Isabelle: Opdracht

Opdracht niveau 2 | Structuur

'Maar ik vond het aardig slecht en ik wist eigenlijk de hele tijd hoe het af ging lopen. En het ging ook nog eens echt zoals ik dacht. Er zaten helemaal geen leuke wendingen in [...].' (Een anonieme scholier op scholieren.com.)

De scholier die dit schreef in een boekbespreking moet beslist zelf verhalen gaan schrijven, want hij weet blijkbaar heel goed hoe hij een plot in elkaar moet zetten. Of hij helemaal heeft begrepen wat er op psychologisch niveau gebeurt in Isabelle, blijft de vraag.

Titel Isabelle
Niveau boek niveau 2
Opdracht niveau 2 | Structuur
Studielast 2 uur (+1 uur voor de extra verdiepingsopdracht)
Werkvorm tweetal
Focus structuur
Je leert hoe een schrijver je kan verrassen door onverwachte wendingen.
Gemaakt door Gosse Koolstra

A

Vraag 1

Zoek in het woordenboek op wat een wending precies is. Noteer de definitie.

Vraag 2

Noteer individueel de wendingen in de tabel; bepaal je tot de wendingen in de situatie van Isabelle, Jeanne en Bernard. Geef steeds hoofdstuknummer en korte beschrijving van situatie. Met een kruisje in de kolom onder de betreffende naam geef je aan welke persoon het betreft; in sommige gevallen betreft het meer personen tegelijk.

Vraag 3

Noteer in de laatste kolom wat jouw oordeel is over de wending: voorspelbaar, want …; verrassend, want …; schokkend, want … en eventueel nog andere oordelen met je toelichting erachter. Geef een echte uitleg; 'voorspelbaar want ik zag het aankomen' is geen goede uitleg!

Vraag 4

Leg jullie tabellen naast elkaar. Bespreek alle verschillen. Besluit nu of jullie één gezamenlijke tabel willen maken of dat jullie de individuele tabellen willen handhaven.
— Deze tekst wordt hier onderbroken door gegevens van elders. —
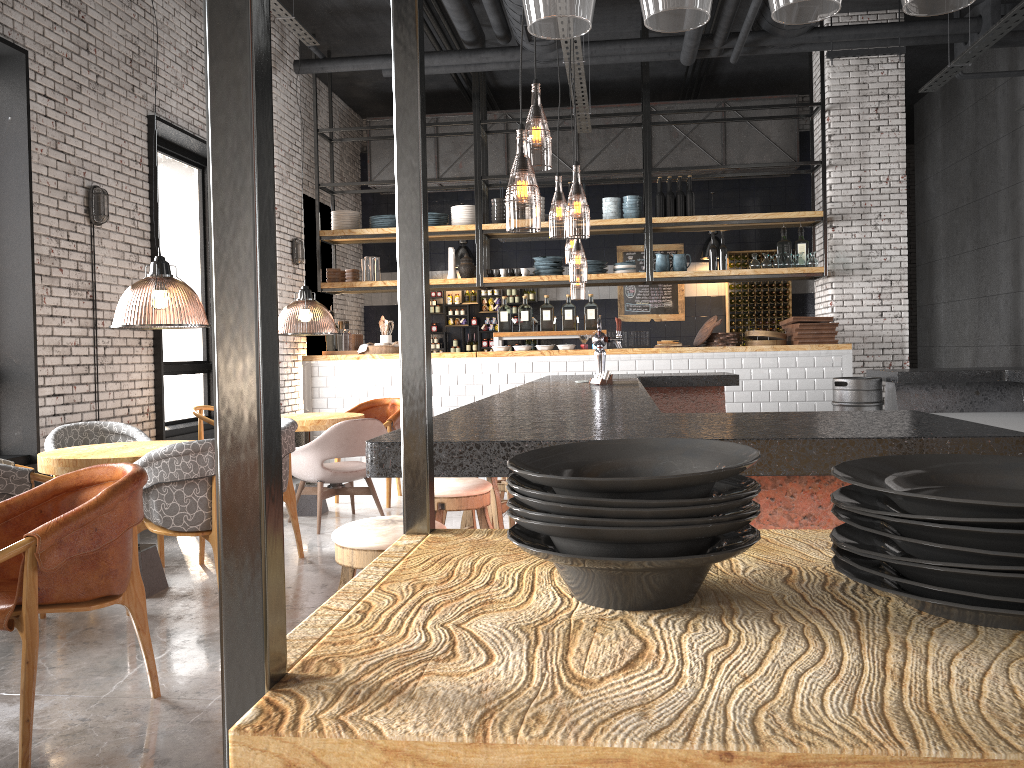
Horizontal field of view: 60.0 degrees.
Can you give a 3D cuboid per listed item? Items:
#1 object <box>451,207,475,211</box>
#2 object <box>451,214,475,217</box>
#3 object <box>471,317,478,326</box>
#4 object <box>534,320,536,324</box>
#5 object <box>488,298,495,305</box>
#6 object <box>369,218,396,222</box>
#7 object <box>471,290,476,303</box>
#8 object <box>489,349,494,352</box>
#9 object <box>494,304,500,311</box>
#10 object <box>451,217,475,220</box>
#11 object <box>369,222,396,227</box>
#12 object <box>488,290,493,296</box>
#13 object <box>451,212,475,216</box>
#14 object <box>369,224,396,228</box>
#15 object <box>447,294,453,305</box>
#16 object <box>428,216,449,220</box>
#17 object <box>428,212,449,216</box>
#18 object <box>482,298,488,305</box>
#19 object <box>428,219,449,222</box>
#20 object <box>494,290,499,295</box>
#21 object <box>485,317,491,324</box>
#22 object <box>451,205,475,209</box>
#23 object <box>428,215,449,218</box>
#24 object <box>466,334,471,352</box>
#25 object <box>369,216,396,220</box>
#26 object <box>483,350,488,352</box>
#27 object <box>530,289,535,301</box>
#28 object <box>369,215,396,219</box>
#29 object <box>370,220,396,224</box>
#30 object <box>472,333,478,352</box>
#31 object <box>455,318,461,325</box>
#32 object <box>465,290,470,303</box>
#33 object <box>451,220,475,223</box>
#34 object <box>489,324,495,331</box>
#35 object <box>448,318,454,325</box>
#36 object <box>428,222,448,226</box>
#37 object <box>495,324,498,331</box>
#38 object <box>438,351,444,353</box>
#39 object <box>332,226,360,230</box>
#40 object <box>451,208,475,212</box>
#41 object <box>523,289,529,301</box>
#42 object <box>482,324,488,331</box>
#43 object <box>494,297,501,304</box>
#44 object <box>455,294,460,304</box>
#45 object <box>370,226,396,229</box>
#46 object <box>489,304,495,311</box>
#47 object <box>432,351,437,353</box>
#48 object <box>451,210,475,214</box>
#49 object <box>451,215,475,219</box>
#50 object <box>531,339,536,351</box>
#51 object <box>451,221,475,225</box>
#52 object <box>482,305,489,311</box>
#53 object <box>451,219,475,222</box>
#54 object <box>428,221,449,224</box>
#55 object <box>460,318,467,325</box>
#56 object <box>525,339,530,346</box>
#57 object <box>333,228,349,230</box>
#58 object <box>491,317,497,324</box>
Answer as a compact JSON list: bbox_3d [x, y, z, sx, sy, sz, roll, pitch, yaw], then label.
[{"bbox_3d":[-0.543,-2.012,10.291,0.335,0.039,0.335,-2,2,-18],"label":"object"},{"bbox_3d":[-0.541,-1.934,10.293,0.334,0.039,0.335,-1,2,15],"label":"object"},{"bbox_3d":[-0.564,-0.942,13.325,0.100,0.139,0.088,-1,1,8],"label":"object"},{"bbox_3d":[0.311,-0.941,13.211,0.089,0.108,0.107,-2,2,-33],"label":"object"},{"bbox_3d":[-0.303,-1.245,13.280,0.089,0.108,0.107,-2,2,-33],"label":"object"},{"bbox_3d":[-1.443,-1.897,10.401,0.454,0.043,0.454,-1,2,12],"label":"object"},{"bbox_3d":[-0.579,-1.361,13.315,0.079,0.280,0.079,-1,1,-14],"label":"object"},{"bbox_3d":[-0.300,-0.471,13.293,0.092,0.108,0.105,-1,1,18],"label":"object"},{"bbox_3d":[-0.210,-1.145,13.271,0.092,0.108,0.105,-1,1,18],"label":"object"},{"bbox_3d":[-0.540,-1.899,10.294,0.335,0.039,0.335,-2,2,-27],"label":"object"},{"bbox_3d":[-1.443,-1.850,10.402,0.454,0.044,0.454,-1,2,2],"label":"object"},{"bbox_3d":[-0.323,-1.401,13.265,0.079,0.156,0.079,0,1,42],"label":"object"},{"bbox_3d":[-0.542,-1.954,10.292,0.334,0.043,0.335,-2,2,-10],"label":"object"},{"bbox_3d":[-1.442,-1.826,10.403,0.454,0.043,0.454,-1,2,9],"label":"object"},{"bbox_3d":[-0.931,-1.269,13.340,0.079,0.156,0.079,0,1,37],"label":"object"},{"bbox_3d":[-0.958,-1.905,10.343,0.454,0.037,0.454,-3,3,-39],"label":"object"},{"bbox_3d":[-0.959,-1.952,10.342,0.454,0.039,0.454,0,2,26],"label":"object"},{"bbox_3d":[-0.408,-1.245,13.291,0.092,0.112,0.100,-1,1,-7],"label":"object"},{"bbox_3d":[-0.958,-1.882,10.343,0.454,0.038,0.454,-1,2,8],"label":"object"},{"bbox_3d":[-0.228,-1.402,13.253,0.079,0.156,0.079,-1,1,-8],"label":"object"},{"bbox_3d":[-0.364,-0.947,13.305,0.090,0.101,0.111,-2,2,-27],"label":"object"},{"bbox_3d":[-0.543,-2.031,10.292,0.335,0.039,0.335,-2,2,-19],"label":"object"},{"bbox_3d":[-0.959,-1.930,10.341,0.454,0.050,0.454,-2,2,-18],"label":"object"},{"bbox_3d":[-0.653,-0.619,13.335,0.079,0.280,0.079,-1,1,16],"label":"object"},{"bbox_3d":[-1.445,-1.921,10.401,0.454,0.047,0.454,-1,2,4],"label":"object"},{"bbox_3d":[-0.395,-0.471,13.303,0.092,0.112,0.100,-1,1,-7],"label":"object"},{"bbox_3d":[0.300,-1.376,13.210,0.079,0.280,0.079,-1,1,1],"label":"object"},{"bbox_3d":[-1.445,-1.945,10.399,0.454,0.050,0.454,-1,2,20],"label":"object"},{"bbox_3d":[-1.442,-1.873,10.402,0.454,0.038,0.454,-2,2,-16],"label":"object"},{"bbox_3d":[-0.558,-0.620,13.324,0.079,0.280,0.079,-2,1,-24],"label":"object"},{"bbox_3d":[-0.813,-0.944,13.346,0.089,0.108,0.107,-2,2,-33],"label":"object"},{"bbox_3d":[-0.672,-1.359,13.327,0.079,0.280,0.079,-1,1,11],"label":"object"},{"bbox_3d":[-0.539,-1.860,10.293,0.335,0.037,0.335,-2,2,-27],"label":"object"},{"bbox_3d":[-0.305,-0.847,13.301,0.090,0.101,0.111,-2,2,-27],"label":"object"},{"bbox_3d":[-0.918,-0.944,13.358,0.092,0.112,0.100,-1,1,-7],"label":"object"},{"bbox_3d":[-0.956,-1.835,10.345,0.454,0.045,0.454,-2,2,-18],"label":"object"},{"bbox_3d":[-0.205,-0.854,13.278,0.092,0.112,0.100,-1,1,-7],"label":"object"},{"bbox_3d":[-1.071,-0.454,13.399,0.090,0.101,0.111,-2,2,-27],"label":"object"},{"bbox_3d":[-1.958,-1.816,10.465,0.335,0.042,0.334,-3,3,-45],"label":"object"},{"bbox_3d":[-0.542,-1.993,10.293,0.335,0.044,0.334,-2,2,-23],"label":"object"},{"bbox_3d":[0.206,-1.375,13.221,0.079,0.280,0.079,-2,1,-19],"label":"object"},{"bbox_3d":[-0.419,-0.849,13.304,0.119,0.111,0.085,-2,1,-24],"label":"object"},{"bbox_3d":[-0.212,-1.246,13.269,0.092,0.108,0.105,-1,1,18],"label":"object"},{"bbox_3d":[-0.824,-1.271,13.327,0.079,0.156,0.079,-1,1,-8],"label":"object"},{"bbox_3d":[-1.441,-1.802,10.403,0.454,0.033,0.454,-1,2,15],"label":"object"},{"bbox_3d":[-0.304,-1.146,13.281,0.092,0.112,0.100,-1,1,-7],"label":"object"},{"bbox_3d":[-1.170,-0.453,13.410,0.090,0.101,0.111,-2,2,-32],"label":"object"},{"bbox_3d":[-0.542,-1.973,10.293,0.335,0.041,0.334,-2,2,-24],"label":"object"},{"bbox_3d":[-0.541,-1.919,10.292,0.335,0.040,0.335,-3,3,-38],"label":"object"},{"bbox_3d":[0.317,-0.636,13.221,0.079,0.280,0.079,-1,1,11],"label":"object"},{"bbox_3d":[-0.538,-1.841,10.295,0.335,0.046,0.334,-2,2,-12],"label":"object"},{"bbox_3d":[-0.402,-1.142,13.294,0.089,0.108,0.107,-2,2,-33],"label":"object"},{"bbox_3d":[-0.540,-1.880,10.293,0.335,0.040,0.335,-2,2,-29],"label":"object"},{"bbox_3d":[-0.958,-1.858,10.343,0.454,0.042,0.454,-3,2,-33],"label":"object"},{"bbox_3d":[-0.722,-0.946,13.336,0.092,0.108,0.105,-1,1,18],"label":"object"},{"bbox_3d":[0.227,-0.634,13.229,0.079,0.280,0.079,-1,1,26],"label":"object"},{"bbox_3d":[-1.957,-1.796,10.465,0.335,0.033,0.335,-3,3,-45],"label":"object"},{"bbox_3d":[-0.265,-0.948,13.294,0.090,0.101,0.111,-2,2,-27],"label":"object"}]

Licht jullie keuze toe.

Extra

Vraag 1

Welke wendingen hadden jullie graag anders gezien in het verhaal of toegevoegd?

Vraag 2

Breng die andere wendingen aan door de tabel opnieuw in te vullen, maar nu met jullie ideeën (eventueel naast de bestaande).

Vraag 3

Geef een korte toelichting waarom jullie dit graag zo hadden gewild.